──────── Materials provided
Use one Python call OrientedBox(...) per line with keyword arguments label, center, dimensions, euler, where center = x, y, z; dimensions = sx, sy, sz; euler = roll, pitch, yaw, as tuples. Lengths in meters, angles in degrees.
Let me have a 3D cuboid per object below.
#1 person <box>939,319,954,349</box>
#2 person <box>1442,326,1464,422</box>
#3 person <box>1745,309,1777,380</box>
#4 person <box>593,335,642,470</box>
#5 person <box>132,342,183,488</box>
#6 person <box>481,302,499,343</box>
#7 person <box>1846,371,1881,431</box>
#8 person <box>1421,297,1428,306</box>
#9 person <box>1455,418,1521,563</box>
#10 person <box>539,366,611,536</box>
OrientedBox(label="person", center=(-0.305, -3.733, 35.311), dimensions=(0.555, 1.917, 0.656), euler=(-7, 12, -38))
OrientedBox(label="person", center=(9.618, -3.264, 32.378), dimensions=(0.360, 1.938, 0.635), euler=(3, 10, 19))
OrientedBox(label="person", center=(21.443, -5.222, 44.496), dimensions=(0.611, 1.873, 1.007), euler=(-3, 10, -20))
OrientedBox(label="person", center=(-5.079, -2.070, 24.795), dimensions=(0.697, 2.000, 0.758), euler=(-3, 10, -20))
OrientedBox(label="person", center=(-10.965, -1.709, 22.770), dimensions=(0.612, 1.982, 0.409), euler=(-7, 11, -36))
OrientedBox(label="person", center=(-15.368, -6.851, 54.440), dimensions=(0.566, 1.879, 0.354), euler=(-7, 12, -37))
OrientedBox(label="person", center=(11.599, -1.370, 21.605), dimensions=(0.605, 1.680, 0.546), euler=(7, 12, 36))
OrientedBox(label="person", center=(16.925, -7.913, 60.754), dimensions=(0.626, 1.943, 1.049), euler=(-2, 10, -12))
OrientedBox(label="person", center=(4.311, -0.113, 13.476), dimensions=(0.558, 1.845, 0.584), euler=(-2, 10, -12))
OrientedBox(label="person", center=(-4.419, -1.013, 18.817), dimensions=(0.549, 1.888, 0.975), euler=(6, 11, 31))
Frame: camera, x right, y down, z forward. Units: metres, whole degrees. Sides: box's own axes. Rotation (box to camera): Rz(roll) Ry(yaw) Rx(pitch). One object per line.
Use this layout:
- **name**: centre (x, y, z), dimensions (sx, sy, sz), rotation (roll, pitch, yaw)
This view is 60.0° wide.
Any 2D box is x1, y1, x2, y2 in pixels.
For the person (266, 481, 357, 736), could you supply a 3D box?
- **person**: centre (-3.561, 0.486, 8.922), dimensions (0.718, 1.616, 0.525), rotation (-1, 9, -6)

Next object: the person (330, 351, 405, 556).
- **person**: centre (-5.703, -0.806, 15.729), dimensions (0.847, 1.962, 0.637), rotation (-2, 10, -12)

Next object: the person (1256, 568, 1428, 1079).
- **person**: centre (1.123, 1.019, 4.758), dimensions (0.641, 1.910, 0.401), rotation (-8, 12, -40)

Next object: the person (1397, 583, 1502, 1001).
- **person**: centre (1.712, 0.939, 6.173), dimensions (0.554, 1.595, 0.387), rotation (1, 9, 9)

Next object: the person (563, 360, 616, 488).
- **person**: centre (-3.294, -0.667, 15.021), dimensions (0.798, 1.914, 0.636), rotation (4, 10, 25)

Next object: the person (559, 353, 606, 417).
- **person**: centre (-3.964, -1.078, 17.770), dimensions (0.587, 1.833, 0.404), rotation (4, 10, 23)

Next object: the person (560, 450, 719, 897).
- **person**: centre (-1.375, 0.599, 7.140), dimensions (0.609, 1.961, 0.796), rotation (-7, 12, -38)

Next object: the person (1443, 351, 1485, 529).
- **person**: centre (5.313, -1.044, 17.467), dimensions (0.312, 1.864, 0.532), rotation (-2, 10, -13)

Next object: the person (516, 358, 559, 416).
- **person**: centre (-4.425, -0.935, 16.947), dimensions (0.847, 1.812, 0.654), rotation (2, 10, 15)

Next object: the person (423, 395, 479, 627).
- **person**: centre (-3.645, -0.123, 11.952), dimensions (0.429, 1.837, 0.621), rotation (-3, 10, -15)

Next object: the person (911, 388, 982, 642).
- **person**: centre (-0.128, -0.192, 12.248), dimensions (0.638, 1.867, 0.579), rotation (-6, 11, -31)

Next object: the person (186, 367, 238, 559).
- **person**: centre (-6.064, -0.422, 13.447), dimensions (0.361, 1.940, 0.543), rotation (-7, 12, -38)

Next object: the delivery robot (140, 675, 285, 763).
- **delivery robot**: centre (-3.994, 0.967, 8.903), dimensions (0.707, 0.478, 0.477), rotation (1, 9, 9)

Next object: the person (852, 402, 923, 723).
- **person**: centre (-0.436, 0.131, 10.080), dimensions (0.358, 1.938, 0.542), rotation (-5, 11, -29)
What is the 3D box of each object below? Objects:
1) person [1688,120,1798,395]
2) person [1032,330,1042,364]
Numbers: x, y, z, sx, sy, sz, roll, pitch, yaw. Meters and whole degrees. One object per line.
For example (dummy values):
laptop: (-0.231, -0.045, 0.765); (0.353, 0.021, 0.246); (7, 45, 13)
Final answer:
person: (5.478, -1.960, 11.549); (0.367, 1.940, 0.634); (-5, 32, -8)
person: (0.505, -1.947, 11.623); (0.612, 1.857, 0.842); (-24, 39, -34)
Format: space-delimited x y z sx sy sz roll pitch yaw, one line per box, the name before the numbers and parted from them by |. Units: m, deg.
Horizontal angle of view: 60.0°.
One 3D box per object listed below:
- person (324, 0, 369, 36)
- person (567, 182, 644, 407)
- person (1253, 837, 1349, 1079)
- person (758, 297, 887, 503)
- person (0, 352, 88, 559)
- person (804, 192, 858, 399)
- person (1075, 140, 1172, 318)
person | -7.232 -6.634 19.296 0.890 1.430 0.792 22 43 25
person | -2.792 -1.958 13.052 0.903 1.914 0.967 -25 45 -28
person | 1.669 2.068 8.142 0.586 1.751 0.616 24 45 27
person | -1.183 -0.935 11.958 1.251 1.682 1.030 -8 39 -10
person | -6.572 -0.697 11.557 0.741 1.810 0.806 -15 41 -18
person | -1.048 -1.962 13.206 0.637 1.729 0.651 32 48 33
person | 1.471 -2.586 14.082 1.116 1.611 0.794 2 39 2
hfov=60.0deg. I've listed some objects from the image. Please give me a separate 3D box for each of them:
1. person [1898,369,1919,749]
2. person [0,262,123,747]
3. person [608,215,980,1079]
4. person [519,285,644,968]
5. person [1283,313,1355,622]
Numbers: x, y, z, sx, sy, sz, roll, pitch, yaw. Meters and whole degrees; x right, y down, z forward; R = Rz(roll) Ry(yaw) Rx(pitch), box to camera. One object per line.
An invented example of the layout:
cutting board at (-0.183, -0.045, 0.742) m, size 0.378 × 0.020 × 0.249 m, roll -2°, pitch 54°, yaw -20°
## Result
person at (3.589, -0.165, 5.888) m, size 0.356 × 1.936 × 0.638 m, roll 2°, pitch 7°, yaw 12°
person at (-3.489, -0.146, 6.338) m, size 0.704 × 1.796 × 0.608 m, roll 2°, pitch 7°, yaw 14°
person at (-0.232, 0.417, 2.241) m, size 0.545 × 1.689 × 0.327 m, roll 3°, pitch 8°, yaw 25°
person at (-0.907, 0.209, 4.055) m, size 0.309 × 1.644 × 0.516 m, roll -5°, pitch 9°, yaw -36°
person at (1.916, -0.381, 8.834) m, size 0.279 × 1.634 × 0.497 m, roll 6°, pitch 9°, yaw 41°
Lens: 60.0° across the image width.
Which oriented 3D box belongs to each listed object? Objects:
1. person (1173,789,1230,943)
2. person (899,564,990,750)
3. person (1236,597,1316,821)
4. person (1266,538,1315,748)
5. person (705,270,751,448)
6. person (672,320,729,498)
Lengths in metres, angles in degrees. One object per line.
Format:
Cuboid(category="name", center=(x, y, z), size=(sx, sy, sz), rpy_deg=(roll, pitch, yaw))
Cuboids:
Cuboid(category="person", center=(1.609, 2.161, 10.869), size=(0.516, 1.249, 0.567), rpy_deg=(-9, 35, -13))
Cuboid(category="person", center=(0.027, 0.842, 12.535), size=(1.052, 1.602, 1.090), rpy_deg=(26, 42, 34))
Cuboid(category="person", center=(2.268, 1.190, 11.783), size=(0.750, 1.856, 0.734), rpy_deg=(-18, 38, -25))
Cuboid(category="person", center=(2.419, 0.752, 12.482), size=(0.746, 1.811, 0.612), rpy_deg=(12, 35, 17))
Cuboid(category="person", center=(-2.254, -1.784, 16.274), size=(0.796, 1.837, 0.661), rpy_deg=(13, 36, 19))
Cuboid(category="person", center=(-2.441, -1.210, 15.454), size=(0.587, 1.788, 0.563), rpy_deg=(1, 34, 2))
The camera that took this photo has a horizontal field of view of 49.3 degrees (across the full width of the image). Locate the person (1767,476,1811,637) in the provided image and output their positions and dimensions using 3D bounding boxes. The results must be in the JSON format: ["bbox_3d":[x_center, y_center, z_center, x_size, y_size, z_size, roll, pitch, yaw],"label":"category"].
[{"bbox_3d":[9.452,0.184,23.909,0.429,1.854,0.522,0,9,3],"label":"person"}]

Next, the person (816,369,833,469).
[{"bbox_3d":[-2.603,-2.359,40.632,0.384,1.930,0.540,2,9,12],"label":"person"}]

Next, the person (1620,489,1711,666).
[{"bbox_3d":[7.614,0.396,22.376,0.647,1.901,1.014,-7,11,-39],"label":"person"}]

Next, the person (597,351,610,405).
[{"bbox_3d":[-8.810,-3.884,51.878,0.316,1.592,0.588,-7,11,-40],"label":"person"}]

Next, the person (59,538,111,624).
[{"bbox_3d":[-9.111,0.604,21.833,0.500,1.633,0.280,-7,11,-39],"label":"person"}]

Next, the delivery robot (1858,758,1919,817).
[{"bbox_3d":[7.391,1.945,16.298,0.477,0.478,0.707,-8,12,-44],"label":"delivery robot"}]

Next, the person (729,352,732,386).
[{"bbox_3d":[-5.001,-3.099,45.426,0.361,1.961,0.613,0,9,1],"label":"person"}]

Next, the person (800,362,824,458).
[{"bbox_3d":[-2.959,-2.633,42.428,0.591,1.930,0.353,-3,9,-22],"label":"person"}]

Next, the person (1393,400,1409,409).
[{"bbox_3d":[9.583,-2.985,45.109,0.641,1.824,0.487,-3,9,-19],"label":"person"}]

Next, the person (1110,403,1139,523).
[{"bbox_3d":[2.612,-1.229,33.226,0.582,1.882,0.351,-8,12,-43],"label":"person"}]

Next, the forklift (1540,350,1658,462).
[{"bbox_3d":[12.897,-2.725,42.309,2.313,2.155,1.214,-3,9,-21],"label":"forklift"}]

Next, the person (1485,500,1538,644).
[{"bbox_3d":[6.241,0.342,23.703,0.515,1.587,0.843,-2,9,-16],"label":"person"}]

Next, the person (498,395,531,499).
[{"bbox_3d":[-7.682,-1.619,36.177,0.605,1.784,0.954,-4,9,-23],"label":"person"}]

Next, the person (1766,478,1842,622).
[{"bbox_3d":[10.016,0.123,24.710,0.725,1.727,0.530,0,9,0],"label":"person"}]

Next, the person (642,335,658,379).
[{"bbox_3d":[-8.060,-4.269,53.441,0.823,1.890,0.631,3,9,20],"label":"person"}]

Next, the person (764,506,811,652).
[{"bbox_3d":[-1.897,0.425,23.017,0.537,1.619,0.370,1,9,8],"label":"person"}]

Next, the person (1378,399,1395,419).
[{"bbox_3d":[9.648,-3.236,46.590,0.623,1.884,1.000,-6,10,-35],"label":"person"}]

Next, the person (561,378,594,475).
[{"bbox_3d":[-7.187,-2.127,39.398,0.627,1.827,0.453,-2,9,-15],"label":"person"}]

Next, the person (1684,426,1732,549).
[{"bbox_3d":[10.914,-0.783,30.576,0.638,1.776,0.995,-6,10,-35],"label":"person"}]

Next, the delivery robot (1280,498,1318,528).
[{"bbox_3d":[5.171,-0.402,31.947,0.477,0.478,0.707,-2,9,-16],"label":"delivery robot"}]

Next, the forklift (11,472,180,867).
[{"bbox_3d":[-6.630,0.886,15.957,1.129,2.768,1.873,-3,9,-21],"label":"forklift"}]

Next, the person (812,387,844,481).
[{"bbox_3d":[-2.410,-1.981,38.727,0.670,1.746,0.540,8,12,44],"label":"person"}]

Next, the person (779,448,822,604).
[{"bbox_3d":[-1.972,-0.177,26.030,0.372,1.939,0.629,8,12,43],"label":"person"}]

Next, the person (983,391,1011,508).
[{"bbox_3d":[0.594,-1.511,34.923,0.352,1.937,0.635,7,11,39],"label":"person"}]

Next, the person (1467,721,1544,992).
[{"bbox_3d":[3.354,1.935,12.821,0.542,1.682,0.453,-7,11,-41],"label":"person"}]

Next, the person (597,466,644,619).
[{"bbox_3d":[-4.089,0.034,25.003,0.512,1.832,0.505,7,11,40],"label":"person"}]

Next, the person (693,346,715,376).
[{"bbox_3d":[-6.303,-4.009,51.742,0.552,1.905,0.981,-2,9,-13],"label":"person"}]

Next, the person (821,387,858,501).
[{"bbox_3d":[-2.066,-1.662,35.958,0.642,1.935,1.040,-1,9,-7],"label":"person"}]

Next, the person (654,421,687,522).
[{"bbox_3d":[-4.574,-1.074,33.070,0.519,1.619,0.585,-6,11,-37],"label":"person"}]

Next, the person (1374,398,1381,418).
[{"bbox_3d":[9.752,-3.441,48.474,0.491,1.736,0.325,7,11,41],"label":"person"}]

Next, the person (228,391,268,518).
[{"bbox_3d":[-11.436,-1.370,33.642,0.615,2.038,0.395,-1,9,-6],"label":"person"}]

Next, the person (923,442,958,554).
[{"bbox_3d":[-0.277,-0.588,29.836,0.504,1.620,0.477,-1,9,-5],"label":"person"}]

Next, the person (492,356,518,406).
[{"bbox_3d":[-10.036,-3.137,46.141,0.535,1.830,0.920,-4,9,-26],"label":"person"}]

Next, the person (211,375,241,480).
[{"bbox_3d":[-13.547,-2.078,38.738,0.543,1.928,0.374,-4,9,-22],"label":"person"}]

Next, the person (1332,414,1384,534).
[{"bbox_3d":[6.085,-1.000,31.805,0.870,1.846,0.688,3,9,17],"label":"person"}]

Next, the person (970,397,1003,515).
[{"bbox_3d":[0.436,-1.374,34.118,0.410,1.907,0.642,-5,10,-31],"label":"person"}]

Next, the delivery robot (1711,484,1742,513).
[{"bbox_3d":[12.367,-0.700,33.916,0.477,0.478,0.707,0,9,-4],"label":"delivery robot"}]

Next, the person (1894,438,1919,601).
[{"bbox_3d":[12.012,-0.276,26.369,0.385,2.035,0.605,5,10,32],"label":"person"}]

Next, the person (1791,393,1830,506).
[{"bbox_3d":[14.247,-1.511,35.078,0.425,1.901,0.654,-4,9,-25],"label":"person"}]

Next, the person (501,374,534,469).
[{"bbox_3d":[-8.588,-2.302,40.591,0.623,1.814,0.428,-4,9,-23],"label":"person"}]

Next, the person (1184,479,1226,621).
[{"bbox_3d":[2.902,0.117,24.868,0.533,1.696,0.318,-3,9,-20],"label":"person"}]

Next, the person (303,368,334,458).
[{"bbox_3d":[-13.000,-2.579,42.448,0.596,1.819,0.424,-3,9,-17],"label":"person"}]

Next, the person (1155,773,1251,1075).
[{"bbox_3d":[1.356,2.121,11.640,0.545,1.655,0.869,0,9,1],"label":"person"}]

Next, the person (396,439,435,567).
────────────────
**Aim of the exercise:**
Only the lines above, from the first through the one holding "#9 person <box>1455,418,1521,563</box>", are to be output, and they must be copied exactly.

**Task result:**
Use one Python call OrientedBox(...) per line with keyword arguments label, center, dimensions, euler, where center = x, y, z; dimensions = sx, sy, sz; euler = roll, pitch, yaw, as tuples. Lengths in meters, angles in degrees.
Let me have a 3D cuboid per object below.
#1 person <box>939,319,954,349</box>
#2 person <box>1442,326,1464,422</box>
#3 person <box>1745,309,1777,380</box>
#4 person <box>593,335,642,470</box>
#5 person <box>132,342,183,488</box>
#6 person <box>481,302,499,343</box>
#7 person <box>1846,371,1881,431</box>
#8 person <box>1421,297,1428,306</box>
#9 person <box>1455,418,1521,563</box>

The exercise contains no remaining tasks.